What do you think of when you picture Brazil? Do you think of the bountiful Amazon? Or perhaps of Rio’s sexy shoreline peppered with scantily-clad beautiful people, and the chaos of Carnivale?
Brazil certainly has a well-established tourist path with plenty of astounding natural beauty, but a vast country such as Brazil has to have a few secrets left, right? For those who want to get well and truly off the “gringo trail”, the northern state of Ceará is vying to give Brazil’s major tourist destinations a run for their money.
The state of Ceará – positioned right on the tip of Brazil’s northern shores – is currently somewhat unheard of by foreign tourists. But, Brazilian nationals from surrounding states flock to Ceará for sun, sea, sand and plenty of Samba. The town of Jericoacoara – or “Jeri” – as it’s affectionately called, is already a moderately established destination where Brazilians and a small collection of foreigners have been lured in by the great kitesurfing conditions. In Jeri sand fills the streets and visitors spend their days lazing around on blissful beaches awaiting the next great day of wind.
But as of now, Jericoacoara remains the only part of the state that draws in foreign tourists on the regular. With the upcoming expansion of Fortaleza’s Pinto Martins Airport, the state of Ceará is hoping to catch the eye of adventurous Europeans wanting to see just what lies beyond the mystic dunes that are synonymous with this region. While Fortaleza in itself is no gem, it’s the gateway to the area and with a smooth flight time of just seven hours from Lisbon and only three hours behind GMT, could this be the next sizzling South American hot spot?
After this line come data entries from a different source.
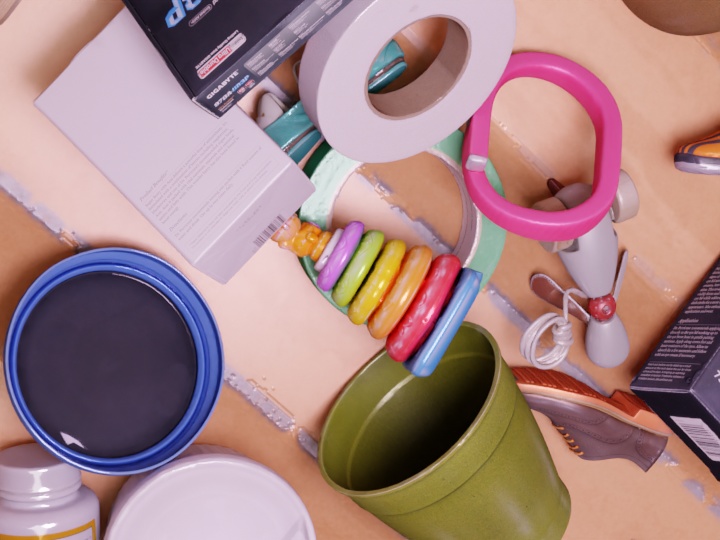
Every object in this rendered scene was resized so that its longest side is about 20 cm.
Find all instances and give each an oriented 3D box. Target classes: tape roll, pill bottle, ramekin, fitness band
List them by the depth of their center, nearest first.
[{"bbox_3d":[0.041,-0.181,1.297,0.202,0.037,0.204,-23,141,-20],"label":"tape roll"},{"bbox_3d":[0.166,-0.115,1.387,0.143,0.038,0.201,13,55,-3],"label":"fitness band"},{"bbox_3d":[-0.289,0.263,1.388,0.108,0.109,0.202,-3,102,-12],"label":"pill bottle"},{"bbox_3d":[-0.146,0.255,1.419,0.201,0.094,0.204,-4,103,-16],"label":"ramekin"},{"bbox_3d":[0.036,-0.047,1.427,0.199,0.048,0.202,-2,102,-11],"label":"tape roll"}]

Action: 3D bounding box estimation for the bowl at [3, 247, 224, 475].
[{"bbox_3d":[-0.221,0.081,1.365,0.199,0.039,0.202,5,79,-24],"label":"bowl"}]

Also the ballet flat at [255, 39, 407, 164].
[{"bbox_3d":[-0.049,-0.148,1.386,0.200,0.067,0.070,-42,83,-1],"label":"ballet flat"}]

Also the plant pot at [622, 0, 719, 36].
[{"bbox_3d":[0.337,-0.296,1.362,0.185,0.200,0.188,-3,103,-11],"label":"plant pot"}]

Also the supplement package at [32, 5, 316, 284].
[{"bbox_3d":[-0.154,-0.105,1.297,0.121,0.120,0.200,-45,79,0],"label":"supplement package"}]

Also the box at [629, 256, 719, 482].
[{"bbox_3d":[0.383,0.085,1.474,0.148,0.104,0.200,45,71,-16],"label":"box"}]

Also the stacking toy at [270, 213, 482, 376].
[{"bbox_3d":[0.000,0.000,1.363,0.199,0.116,0.110,31,88,-2],"label":"stacking toy"}]

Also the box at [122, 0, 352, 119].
[{"bbox_3d":[-0.087,-0.244,1.204,0.200,0.046,0.159,-40,65,9],"label":"box"}]

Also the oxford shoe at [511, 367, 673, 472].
[{"bbox_3d":[0.215,0.148,1.495,0.199,0.071,0.073,19,101,-16],"label":"oxford shoe"}]

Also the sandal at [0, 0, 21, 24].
[{"bbox_3d":[-0.274,-0.312,1.288,0.069,0.078,0.212,33,98,-22],"label":"sandal"}]

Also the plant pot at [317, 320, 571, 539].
[{"bbox_3d":[0.096,0.185,1.427,0.200,0.200,0.193,-42,119,-1],"label":"plant pot"}]

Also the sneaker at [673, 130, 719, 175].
[{"bbox_3d":[0.387,-0.152,1.474,0.199,0.077,0.113,-9,100,-21],"label":"sneaker"}]

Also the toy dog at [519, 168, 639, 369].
[{"bbox_3d":[0.208,-0.010,1.464,0.131,0.096,0.201,0,115,-20],"label":"toy dog"}]
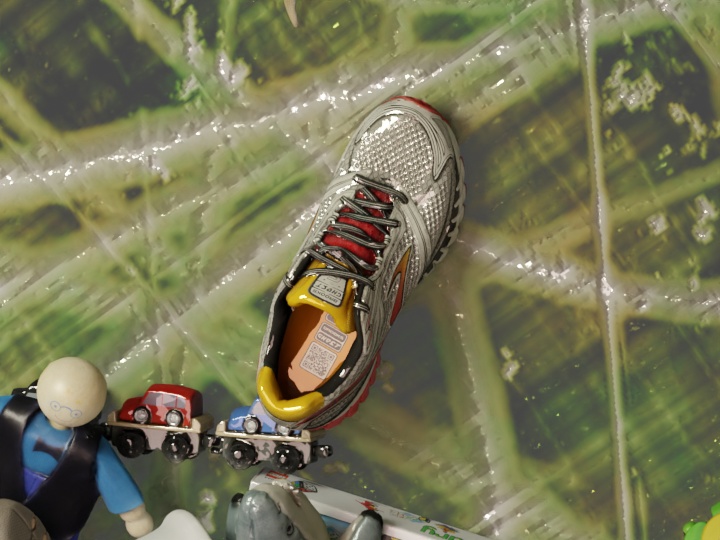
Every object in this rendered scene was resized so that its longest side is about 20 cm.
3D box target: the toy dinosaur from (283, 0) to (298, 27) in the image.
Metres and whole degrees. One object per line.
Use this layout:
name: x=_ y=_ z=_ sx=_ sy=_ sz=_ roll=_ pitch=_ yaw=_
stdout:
toy dinosaur: x=-0.013 y=-0.229 z=1.601 sx=0.101 sy=0.058 sz=0.200 roll=41 pitch=110 yaw=2

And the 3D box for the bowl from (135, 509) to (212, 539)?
bowl: x=-0.118 y=0.241 z=1.656 sx=0.090 sy=0.201 sz=0.201 roll=-12 pitch=101 yaw=-17

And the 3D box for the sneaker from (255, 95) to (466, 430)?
sneaker: x=0.000 y=0.000 z=1.631 sx=0.078 sy=0.082 sz=0.200 roll=21 pitch=96 yaw=11

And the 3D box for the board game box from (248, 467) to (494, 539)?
board game box: x=0.019 y=0.204 z=1.703 sx=0.200 sy=0.035 sz=0.126 roll=17 pitch=106 yaw=12

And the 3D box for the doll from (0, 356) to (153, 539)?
doll: x=-0.185 y=0.128 z=1.710 sx=0.136 sy=0.048 sz=0.200 roll=24 pitch=125 yaw=2

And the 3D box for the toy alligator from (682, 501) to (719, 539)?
toy alligator: x=0.206 y=0.150 z=1.631 sx=0.200 sy=0.059 sz=0.054 roll=-32 pitch=51 yaw=21

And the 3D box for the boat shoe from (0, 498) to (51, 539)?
boat shoe: x=-0.210 y=0.219 z=1.702 sx=0.073 sy=0.075 sz=0.200 roll=0 pitch=122 yaw=10

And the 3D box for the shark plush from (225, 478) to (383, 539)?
shark plush: x=-0.057 y=0.210 z=1.662 sx=0.091 sy=0.083 sz=0.200 roll=18 pitch=106 yaw=12

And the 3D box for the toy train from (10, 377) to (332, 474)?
toy train: x=-0.112 y=0.088 z=1.716 sx=0.200 sy=0.034 sz=0.046 roll=5 pitch=93 yaw=15
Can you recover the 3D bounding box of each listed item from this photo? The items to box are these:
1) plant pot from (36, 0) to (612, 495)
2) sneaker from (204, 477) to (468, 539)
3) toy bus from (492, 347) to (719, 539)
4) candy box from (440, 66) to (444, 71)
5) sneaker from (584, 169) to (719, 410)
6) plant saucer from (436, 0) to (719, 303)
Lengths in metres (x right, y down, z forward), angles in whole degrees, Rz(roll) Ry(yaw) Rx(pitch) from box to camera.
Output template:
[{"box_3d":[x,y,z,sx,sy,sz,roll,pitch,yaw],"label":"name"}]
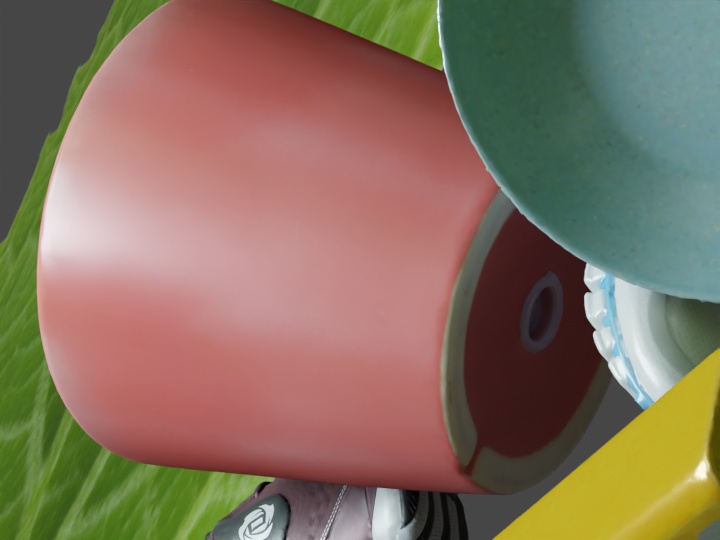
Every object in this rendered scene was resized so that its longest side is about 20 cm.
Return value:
[{"box_3d":[0.000,0.000,1.177,0.177,0.200,0.201,14,73,32],"label":"plant pot"},{"box_3d":[-0.019,0.082,1.306,0.115,0.076,0.200,-29,26,16],"label":"sneaker"},{"box_3d":[0.092,0.105,0.962,0.200,0.078,0.065,-46,22,48],"label":"toy bus"},{"box_3d":[0.057,-0.053,1.392,0.200,0.056,0.117,-48,20,41],"label":"candy box"},{"box_3d":[0.137,-0.027,1.053,0.087,0.075,0.200,-40,27,42],"label":"sneaker"},{"box_3d":[0.127,-0.091,1.000,0.201,0.201,0.039,-59,-9,15],"label":"plant saucer"}]
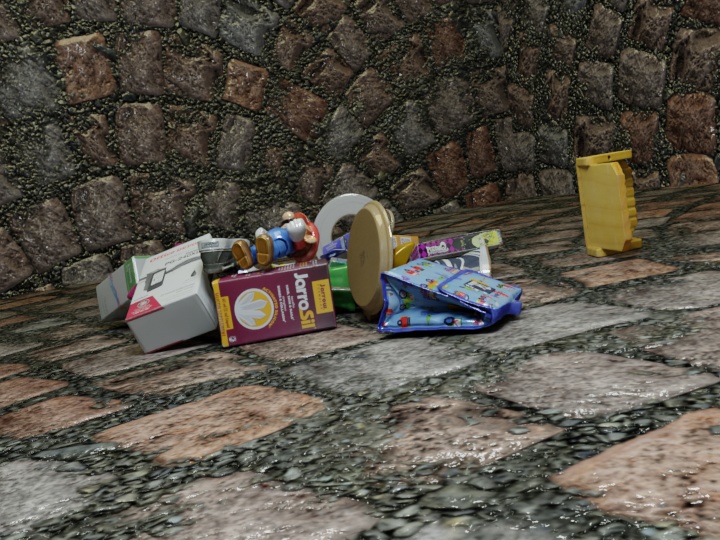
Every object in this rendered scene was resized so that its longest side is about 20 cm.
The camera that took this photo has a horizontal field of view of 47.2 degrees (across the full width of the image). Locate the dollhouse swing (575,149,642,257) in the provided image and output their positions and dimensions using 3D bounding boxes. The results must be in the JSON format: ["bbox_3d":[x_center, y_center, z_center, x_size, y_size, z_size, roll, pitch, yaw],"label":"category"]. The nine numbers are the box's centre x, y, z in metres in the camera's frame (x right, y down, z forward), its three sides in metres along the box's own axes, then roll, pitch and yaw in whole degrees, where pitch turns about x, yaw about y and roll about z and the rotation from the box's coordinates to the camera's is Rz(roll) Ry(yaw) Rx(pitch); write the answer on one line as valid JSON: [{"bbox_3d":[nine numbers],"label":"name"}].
[{"bbox_3d":[0.540,-0.140,1.673,0.178,0.205,0.175,-11,6,-23],"label":"dollhouse swing"}]

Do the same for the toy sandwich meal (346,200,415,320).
[{"bbox_3d":[0.034,-0.014,1.375,0.069,0.211,0.205,1,2,-20],"label":"toy sandwich meal"}]

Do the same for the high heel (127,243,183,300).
[{"bbox_3d":[-0.412,0.003,1.684,0.093,0.069,0.202,0,37,-2],"label":"high heel"}]

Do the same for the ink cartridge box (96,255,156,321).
[{"bbox_3d":[-0.470,0.040,1.804,0.143,0.089,0.199,-3,-19,-42],"label":"ink cartridge box"}]

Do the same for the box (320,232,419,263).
[{"bbox_3d":[0.013,-0.044,1.728,0.196,0.043,0.118,5,-16,-33],"label":"box"}]

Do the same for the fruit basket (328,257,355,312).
[{"bbox_3d":[0.023,0.018,1.559,0.195,0.096,0.185,-6,6,-1],"label":"fruit basket"}]

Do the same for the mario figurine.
[{"bbox_3d":[-0.144,-0.065,1.441,0.122,0.108,0.199,27,21,19],"label":"mario figurine"}]

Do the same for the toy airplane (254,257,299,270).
[{"bbox_3d":[-0.186,0.028,1.543,0.195,0.145,0.199,-10,7,-15],"label":"toy airplane"}]

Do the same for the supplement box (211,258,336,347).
[{"bbox_3d":[-0.144,0.053,1.399,0.195,0.113,0.086,-10,6,-3],"label":"supplement box"}]

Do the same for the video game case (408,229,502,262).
[{"bbox_3d":[0.189,-0.031,1.735,0.177,0.037,0.200,-10,-12,-9],"label":"video game case"}]

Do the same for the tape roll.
[{"bbox_3d":[-0.022,-0.089,2.050,0.198,0.208,0.139,-9,6,0],"label":"tape roll"}]

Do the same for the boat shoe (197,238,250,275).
[{"bbox_3d":[-0.243,-0.022,1.464,0.069,0.065,0.200,-5,1,9],"label":"boat shoe"}]

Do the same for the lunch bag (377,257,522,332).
[{"bbox_3d":[0.145,0.048,1.236,0.196,0.097,0.150,8,12,25],"label":"lunch bag"}]

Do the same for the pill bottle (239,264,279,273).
[{"bbox_3d":[-0.269,0.023,1.712,0.195,0.123,0.120,6,5,-6],"label":"pill bottle"}]

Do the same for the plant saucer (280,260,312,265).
[{"bbox_3d":[-0.192,0.018,2.051,0.195,0.052,0.200,-9,6,1],"label":"plant saucer"}]

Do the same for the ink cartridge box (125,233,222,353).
[{"bbox_3d":[-0.326,0.037,1.485,0.142,0.084,0.202,-20,32,9],"label":"ink cartridge box"}]

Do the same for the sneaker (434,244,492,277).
[{"bbox_3d":[0.195,-0.002,1.573,0.106,0.072,0.200,-6,10,7],"label":"sneaker"}]
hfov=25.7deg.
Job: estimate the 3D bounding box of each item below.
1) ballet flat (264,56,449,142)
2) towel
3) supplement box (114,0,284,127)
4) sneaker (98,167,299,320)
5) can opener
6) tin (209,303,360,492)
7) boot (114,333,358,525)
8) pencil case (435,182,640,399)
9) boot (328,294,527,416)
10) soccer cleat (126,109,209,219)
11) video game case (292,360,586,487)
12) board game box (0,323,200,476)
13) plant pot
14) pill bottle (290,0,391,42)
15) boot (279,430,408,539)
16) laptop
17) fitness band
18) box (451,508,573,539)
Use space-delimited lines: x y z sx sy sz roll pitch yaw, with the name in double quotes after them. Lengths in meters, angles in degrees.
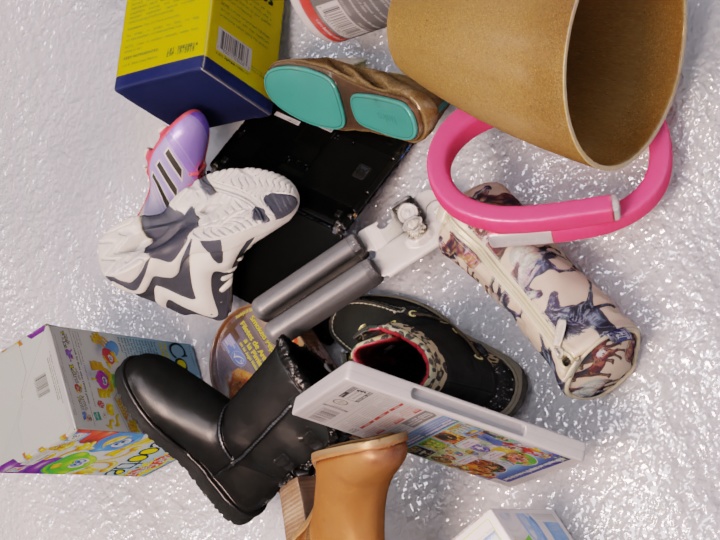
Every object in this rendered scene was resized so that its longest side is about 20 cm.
0.003 -0.163 1.424 0.200 0.072 0.068 15 130 43 "ballet flat"
0.156 -0.211 1.352 0.200 0.049 0.112 -30 66 27 "towel"
-0.148 -0.248 1.505 0.109 0.109 0.200 -8 67 33 "supplement box"
-0.128 -0.017 1.464 0.199 0.130 0.080 -27 55 12 "sneaker"
0.000 0.000 1.381 0.200 0.066 0.053 -32 65 4 "can opener"
-0.064 0.119 1.442 0.112 0.042 0.200 -47 62 26 "tin"
-0.104 0.115 1.381 0.198 0.073 0.162 49 121 3 "boot"
0.143 0.014 1.297 0.078 0.089 0.200 -50 58 17 "pencil case"
0.025 0.062 1.327 0.203 0.154 0.074 25 95 35 "boot"
-0.176 -0.067 1.514 0.076 0.067 0.200 42 129 17 "soccer cleat"
0.059 0.124 1.244 0.143 0.200 0.018 140 148 -65 "video game case"
-0.244 0.126 1.467 0.103 0.200 0.105 -29 68 27 "board game box"
0.126 -0.187 1.248 0.200 0.186 0.187 15 90 35 "plant pot"
0.040 -0.282 1.402 0.200 0.116 0.116 -13 74 31 "pill bottle"
-0.001 0.220 1.248 0.200 0.077 0.155 -41 59 49 "boot"
-0.049 -0.063 1.487 0.177 0.103 0.200 26 71 33 "laptop"
0.154 -0.091 1.290 0.200 0.037 0.144 -6 58 10 "fitness band"
0.145 0.296 1.233 0.101 0.112 0.200 -44 62 20 "box"

I travelled to Ceará to find out.
It was my first experience going Brazilian on all counts (I never could quite work up the gusto to try the wax – and subsequently the bikini bottoms) and so as I really didn’t know what to expect. When I think of Brazil, I think of muggy forests teaming with life, of Rio’s impressive skyline and those well, yes those really, really small bikini bottoms. However, the northern coastline is a world away from the bustle of the southern cities, and with some unique activities to boot.
Staying in central Fortaleza at the five star
While, I think it may be some time before tourists are flocking to stay in Fortaleza for its city beaches, which are exceedingly average, the value for tourists will likely be based in its further afield beaches where huge dunes merge into virgin coastline, and dune buggies whizz past carving serendipitous paths in the surf.
So, what’s there to do in Ceará?
Dune Buggy Rides
I’m pleased to inform you that dune buggy riding is my new favourite thing! I had never tried it before and was pleasantly surprised by how awesome the views were, albeit it did mean tentatively hanging out of the back unharnessed and praying for survival; very modern-day Indiana Jones. If safety standards aren’t too much of a bother for you, dune buggy riding is by far the most action-packed and unique activity within the region and one that all visitors to the state should try.
We tried two separate dune rides, the first was the area of Canoa Quebrada: a beach community that at one end of the beach offers hotel and restaurant options which gradually snakes into wild dunes that meet with the sea over rust-tipped cliffs. At the hotel end, there’s a variety of activities for all tastes: ATV-riding, paragliding, or perhaps even a ride in a “Jangada” – a traditional fishing boat in which you can take to the seas to explore the colourful cliffs further along the shoreline.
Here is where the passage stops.